I'm so use to feeding Butter (my little rat terrier) raw that I really take all of it's benefits for granted. I've had a reminder over the past week of why Raw Rules!!

Mya's breeder doesn't feed her pups raw, so when she came to me, for 2 days I fed her the same food she was use to getting before starting to switch her to raw. So, some of the stress of the trip and a new home caused her to have terrible diarrhea. After 2 days of feeding her ground meat (Llama) with bone in it in the AM and her kibble in the PM, her poops started to firm up. But, still big, soft and smelly. I made the final switch to all raw; ground meat with bone and organs in the AM and a whole chicken back and neck in the PM. Voila...really small poops, about the size of what I'd expect to see from Butter. Almost no smell and solid, not squishy. This also confirms that she has no allergies to poulty.... thank God!!! I can get raw chicken backs and necks dirt cheap, so I won't have to spend a fortune on food (I'll do that on grooming :rolffleyes. Also, I let her eat as much as she wants for both feedings and to my surprise she isn't eating nearly as much as I thought she would.
Just another reason why Raw Rules!!


----------



## Purley (May 21, 2010)

I would be happy to feed my two Shih-tzus and my Mini raw, but I thought it would be a pain in the neck. I figured you would have to remember all the time to get the patty out of the freezer and then you would have to wash the dishes in the dishwasher all the time. I don't put my dishwasher on every day.

I heard there were bones in the raw meat and I don't fancy feeding chicken bones. I thought they would choke a dog. Perhaps I got it wrong. 

So -- can you please tell me -- what are the pros and the cons of feeding raw -- price, convenience, poops.

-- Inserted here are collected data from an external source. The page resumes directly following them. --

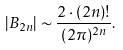<formula> <loc_0><loc_0><loc_500><loc_500>| B _ { 2 n } | \sim \frac { 2 \cdot ( 2 n ) ! } { ( 2 \pi ) ^ { 2 n } } .</formula> 
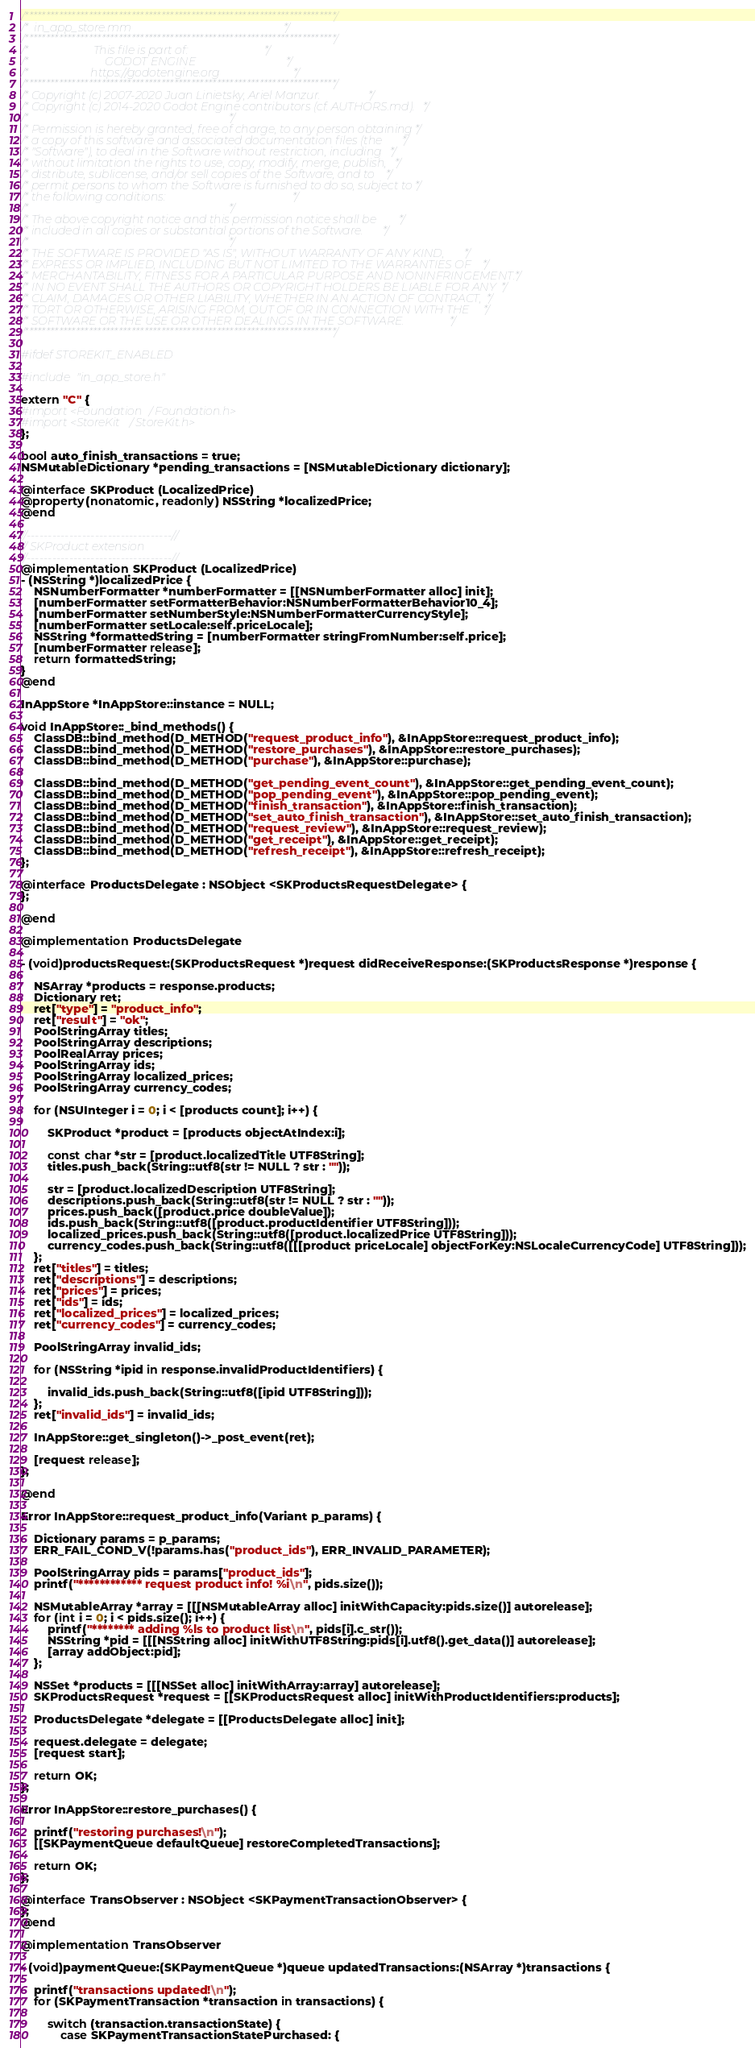Convert code to text. <code><loc_0><loc_0><loc_500><loc_500><_ObjectiveC_>/*************************************************************************/
/*  in_app_store.mm                                                      */
/*************************************************************************/
/*                       This file is part of:                           */
/*                           GODOT ENGINE                                */
/*                      https://godotengine.org                          */
/*************************************************************************/
/* Copyright (c) 2007-2020 Juan Linietsky, Ariel Manzur.                 */
/* Copyright (c) 2014-2020 Godot Engine contributors (cf. AUTHORS.md).   */
/*                                                                       */
/* Permission is hereby granted, free of charge, to any person obtaining */
/* a copy of this software and associated documentation files (the       */
/* "Software"), to deal in the Software without restriction, including   */
/* without limitation the rights to use, copy, modify, merge, publish,   */
/* distribute, sublicense, and/or sell copies of the Software, and to    */
/* permit persons to whom the Software is furnished to do so, subject to */
/* the following conditions:                                             */
/*                                                                       */
/* The above copyright notice and this permission notice shall be        */
/* included in all copies or substantial portions of the Software.       */
/*                                                                       */
/* THE SOFTWARE IS PROVIDED "AS IS", WITHOUT WARRANTY OF ANY KIND,       */
/* EXPRESS OR IMPLIED, INCLUDING BUT NOT LIMITED TO THE WARRANTIES OF    */
/* MERCHANTABILITY, FITNESS FOR A PARTICULAR PURPOSE AND NONINFRINGEMENT.*/
/* IN NO EVENT SHALL THE AUTHORS OR COPYRIGHT HOLDERS BE LIABLE FOR ANY  */
/* CLAIM, DAMAGES OR OTHER LIABILITY, WHETHER IN AN ACTION OF CONTRACT,  */
/* TORT OR OTHERWISE, ARISING FROM, OUT OF OR IN CONNECTION WITH THE     */
/* SOFTWARE OR THE USE OR OTHER DEALINGS IN THE SOFTWARE.                */
/*************************************************************************/

#ifdef STOREKIT_ENABLED

#include "in_app_store.h"

extern "C" {
#import <Foundation/Foundation.h>
#import <StoreKit/StoreKit.h>
};

bool auto_finish_transactions = true;
NSMutableDictionary *pending_transactions = [NSMutableDictionary dictionary];

@interface SKProduct (LocalizedPrice)
@property(nonatomic, readonly) NSString *localizedPrice;
@end

//----------------------------------//
// SKProduct extension
//----------------------------------//
@implementation SKProduct (LocalizedPrice)
- (NSString *)localizedPrice {
	NSNumberFormatter *numberFormatter = [[NSNumberFormatter alloc] init];
	[numberFormatter setFormatterBehavior:NSNumberFormatterBehavior10_4];
	[numberFormatter setNumberStyle:NSNumberFormatterCurrencyStyle];
	[numberFormatter setLocale:self.priceLocale];
	NSString *formattedString = [numberFormatter stringFromNumber:self.price];
	[numberFormatter release];
	return formattedString;
}
@end

InAppStore *InAppStore::instance = NULL;

void InAppStore::_bind_methods() {
	ClassDB::bind_method(D_METHOD("request_product_info"), &InAppStore::request_product_info);
	ClassDB::bind_method(D_METHOD("restore_purchases"), &InAppStore::restore_purchases);
	ClassDB::bind_method(D_METHOD("purchase"), &InAppStore::purchase);

	ClassDB::bind_method(D_METHOD("get_pending_event_count"), &InAppStore::get_pending_event_count);
	ClassDB::bind_method(D_METHOD("pop_pending_event"), &InAppStore::pop_pending_event);
	ClassDB::bind_method(D_METHOD("finish_transaction"), &InAppStore::finish_transaction);
	ClassDB::bind_method(D_METHOD("set_auto_finish_transaction"), &InAppStore::set_auto_finish_transaction);
	ClassDB::bind_method(D_METHOD("request_review"), &InAppStore::request_review);
	ClassDB::bind_method(D_METHOD("get_receipt"), &InAppStore::get_receipt);
	ClassDB::bind_method(D_METHOD("refresh_receipt"), &InAppStore::refresh_receipt);
};

@interface ProductsDelegate : NSObject <SKProductsRequestDelegate> {
};

@end

@implementation ProductsDelegate

- (void)productsRequest:(SKProductsRequest *)request didReceiveResponse:(SKProductsResponse *)response {

	NSArray *products = response.products;
	Dictionary ret;
	ret["type"] = "product_info";
	ret["result"] = "ok";
	PoolStringArray titles;
	PoolStringArray descriptions;
	PoolRealArray prices;
	PoolStringArray ids;
	PoolStringArray localized_prices;
	PoolStringArray currency_codes;

	for (NSUInteger i = 0; i < [products count]; i++) {

		SKProduct *product = [products objectAtIndex:i];

		const char *str = [product.localizedTitle UTF8String];
		titles.push_back(String::utf8(str != NULL ? str : ""));

		str = [product.localizedDescription UTF8String];
		descriptions.push_back(String::utf8(str != NULL ? str : ""));
		prices.push_back([product.price doubleValue]);
		ids.push_back(String::utf8([product.productIdentifier UTF8String]));
		localized_prices.push_back(String::utf8([product.localizedPrice UTF8String]));
		currency_codes.push_back(String::utf8([[[product priceLocale] objectForKey:NSLocaleCurrencyCode] UTF8String]));
	};
	ret["titles"] = titles;
	ret["descriptions"] = descriptions;
	ret["prices"] = prices;
	ret["ids"] = ids;
	ret["localized_prices"] = localized_prices;
	ret["currency_codes"] = currency_codes;

	PoolStringArray invalid_ids;

	for (NSString *ipid in response.invalidProductIdentifiers) {

		invalid_ids.push_back(String::utf8([ipid UTF8String]));
	};
	ret["invalid_ids"] = invalid_ids;

	InAppStore::get_singleton()->_post_event(ret);

	[request release];
};

@end

Error InAppStore::request_product_info(Variant p_params) {

	Dictionary params = p_params;
	ERR_FAIL_COND_V(!params.has("product_ids"), ERR_INVALID_PARAMETER);

	PoolStringArray pids = params["product_ids"];
	printf("************ request product info! %i\n", pids.size());

	NSMutableArray *array = [[[NSMutableArray alloc] initWithCapacity:pids.size()] autorelease];
	for (int i = 0; i < pids.size(); i++) {
		printf("******** adding %ls to product list\n", pids[i].c_str());
		NSString *pid = [[[NSString alloc] initWithUTF8String:pids[i].utf8().get_data()] autorelease];
		[array addObject:pid];
	};

	NSSet *products = [[[NSSet alloc] initWithArray:array] autorelease];
	SKProductsRequest *request = [[SKProductsRequest alloc] initWithProductIdentifiers:products];

	ProductsDelegate *delegate = [[ProductsDelegate alloc] init];

	request.delegate = delegate;
	[request start];

	return OK;
};

Error InAppStore::restore_purchases() {

	printf("restoring purchases!\n");
	[[SKPaymentQueue defaultQueue] restoreCompletedTransactions];

	return OK;
};

@interface TransObserver : NSObject <SKPaymentTransactionObserver> {
};
@end

@implementation TransObserver

- (void)paymentQueue:(SKPaymentQueue *)queue updatedTransactions:(NSArray *)transactions {

	printf("transactions updated!\n");
	for (SKPaymentTransaction *transaction in transactions) {

		switch (transaction.transactionState) {
			case SKPaymentTransactionStatePurchased: {</code>

Do all dogs do well on raw? There must be disadvantages and what are they. How do you switch over??


----------



## yigcenuren (May 3, 2009)

1st... chicken bones are only brittle and dangerous when cooked. I'd also never feed my dogs chicken bones, or any bones for that matter, that were cooked.
Taking out frozen food has become a habit for me. I don't even really think about it anymore I just do it. You do something often enough and it isn't a pain in the neck it's just everyday life. Same thing goes for washing the dishes. I don't have dishwasher, I AM the dishwasher. Doing it everyday by hand... for me...normal.
Apparently not all dogs do well on raw but so far, every dog I've had, I've put on raw and have had no issues whatsoever. It usually cleared up some issues like a delicate digestive system and ongoing diarrhea problems. 
I'd like to add more but have to go off to work. If no one else post any of the other MANY benefits, I'll post later after work.
Later.


----------



## Purley (May 21, 2010)

OK thanks. I will start a new thread called Pros and Cons of switching to raw.


----------